As adults, each of these women sought to control their hair and style it according to their own moods and desires. Yet, much like the childhood experiences described by Penda, Subria, Hisani, Jina, and Kiburi, the hairstyles worn by Razina, Ghanima, and Faraja generate often unwanted attention that reinforces social preferences for straight hair and discriminates against Black natural hair.
Moreover, the discrimination directed at Black hair is not so simple as a preference for long and straight over short and curly. Some of these women encountered specific criticism for their decisions to wear specific natural hairstyles. At some point during their hair journeys, both Yeva and Tendai chose to completely shave their heads. Yeva shaved her head as an act of solidarity with her mother who was undergoing chemotherapy and fighting cancer. Even as her mother recovered and kept most of her hair, Yeva wore her shaved hairstyle because, “I was 26 at the time. It was the first time that I really was like ohhh, this really is me and I’m seeing me for the first time.” True to her highly political nature, Tendai wore her head shaved for three years purely as an act of rebellion. Reflecting on her decision, Tendai proclaimed
I’ve never felt so liberated in my life, but People were like—they did not understand—one day I’m sitting in a meeting and my boss looked at me, black man, looked at me, and he looked at me again and he was like [imitation of boss looking at her and her looking at him back and forth] “I just can’t get used to what it is you’re doing, I can’t,” and he was like “this, I can’t” (puts up hands in a blocking gesture).
Tendai also described a similar encounter she had in a bank when “this latino man walked up to me and says “I’m just curious, why would you do that?” And so, but at that point, I was affirmed that I was supposed to do it.” By shaving their heads, Yeva and Tendai violated the politics of hair by choosing not to have any hair at all.
Even so, the experiences described by these women suggest that wearing a shaved head is not the most egregious Black natural hairstyle.

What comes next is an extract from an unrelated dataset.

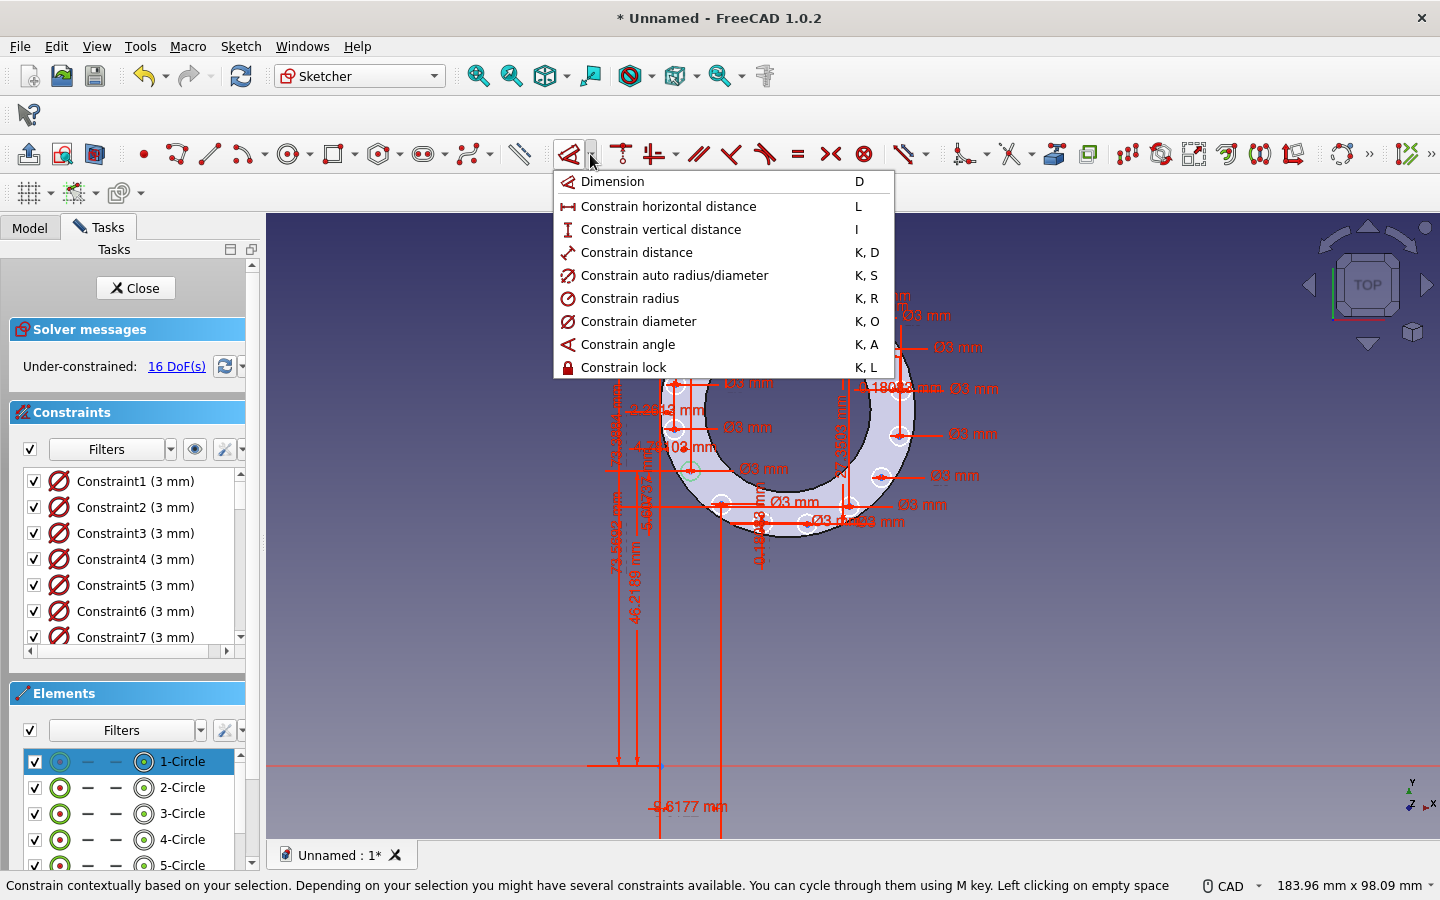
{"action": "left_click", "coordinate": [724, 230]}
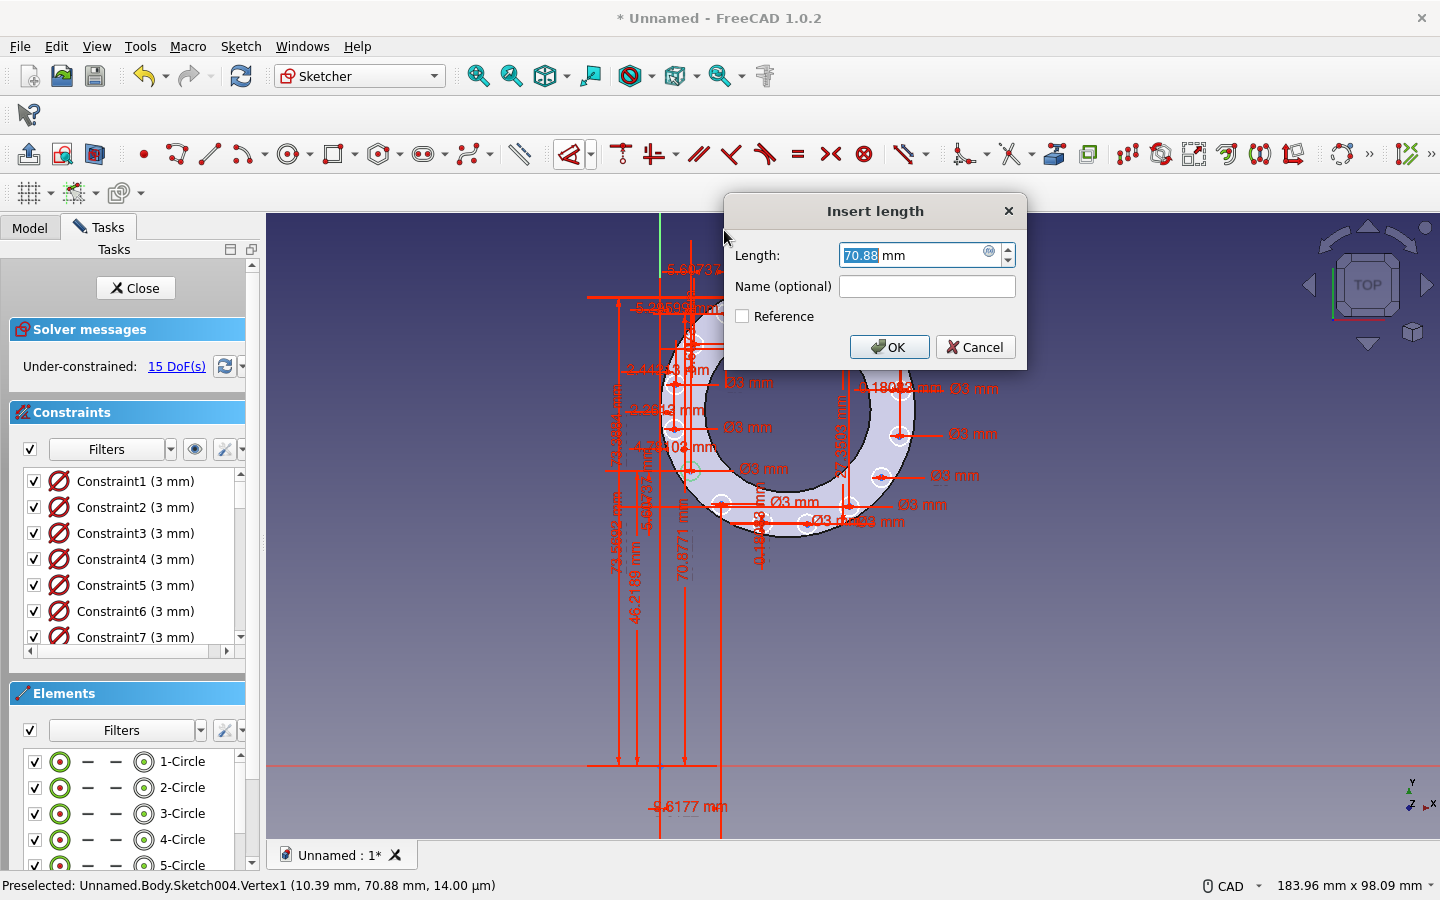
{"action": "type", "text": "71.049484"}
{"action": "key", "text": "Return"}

Marini, Uniqua, and Jina experienced a new level of discrimination when they started to loc (wear dreadlocks and similar styles) their hair. Comparing responses to wearing her hair in locs to how people reacted to her natural curls, Marini expressed, “when I was loose natural, people were a little bit more receptive to me. I never even thought about like how that was privilege.” Similarly, Uniqua received mixed reactions from her family members and significant other when she chose to loc her hair. Although her mother approved and one of her nephews and two of her nieces also chose to loc their hair, her father avoids commenting on her hair; her brother flatly stated, “I don’t like it. I don’t like short hair on women”, and her boyfriend “likes the loose natural more than he likes the locked natural and I can tell. He tries to hide it, but I can tell.” Rather than just ask her to remove the locs, both her father and her grandmother routinely offered to finance a new hairstyle with her father emphatically saying, “I’ll pay you money to cut that stuff out of your head.” All Black natural hairstyles do not receive equal treatment. While Marini, Uniqua, and Jina could ignore the prejudice against locs that they received from family and friends, this type of rejection can be far more damaging when it affects employment9 (see Donahoo and Smith 2019; Greene 2017). The fact that hair discrimination can lead to both personal rejection and loss of employment is strong evidence that national legislation is necessary to protect Black women’s hair and their right to style it as they choose.

6.2.2. Promoting Hair Inclusion

While hair serves as a site for discrimination from others, many of the Black women in this study viewed their hair as an area of inclusion. Rather than treat it as a debate or competition, multiple participants including Intisar, Hisani, Dhakiya, Marini, Etana, and Waseme supported the idea that “all hair is good” (Intisar), not just hair that is straight, long, and silky. Promoting active inclusion, Waseme commented:
black women, in particular, have just been so conditioned to think that lighter skin is prettier and straighter hair is prettier, and so whenever I see another woman that is an African American woman that’s natural, I’m always obliged to start a conversation about [it]. It just empowers me to continue on my journey as well.
Instead of just including Black women who wear natural hairstyles, Etana challenges the interpretation of straight hair as self-loathing or anti-Black. Focusing on the aesthetic, Etana argues:
It’s truly how they feel about themselves. I think they think I love my weave and all the different names they have for them, the yaki and all that stuff. I think they love the look. A lot of sistahs that wear weaves and relaxers and love being black and you can’t tell them nothing else so for them it’s just about how they feel about themselves and their hair.
Although wearing Black natural hair produces different styles than those that come from wearing weaves and relaxers, all styles are accessible and should be acceptable for Black women. The goal of and for the CROWN Act is not to prohibit hair straightening, but to create an environment where all Black women can comfortably wear the styles that they choose without fear of reprisal at home, at work, or in any other public venue (see Donahoo and Smith 2019; New York City Commission on Human Rights NYCHR 2019; Thompson 2009a).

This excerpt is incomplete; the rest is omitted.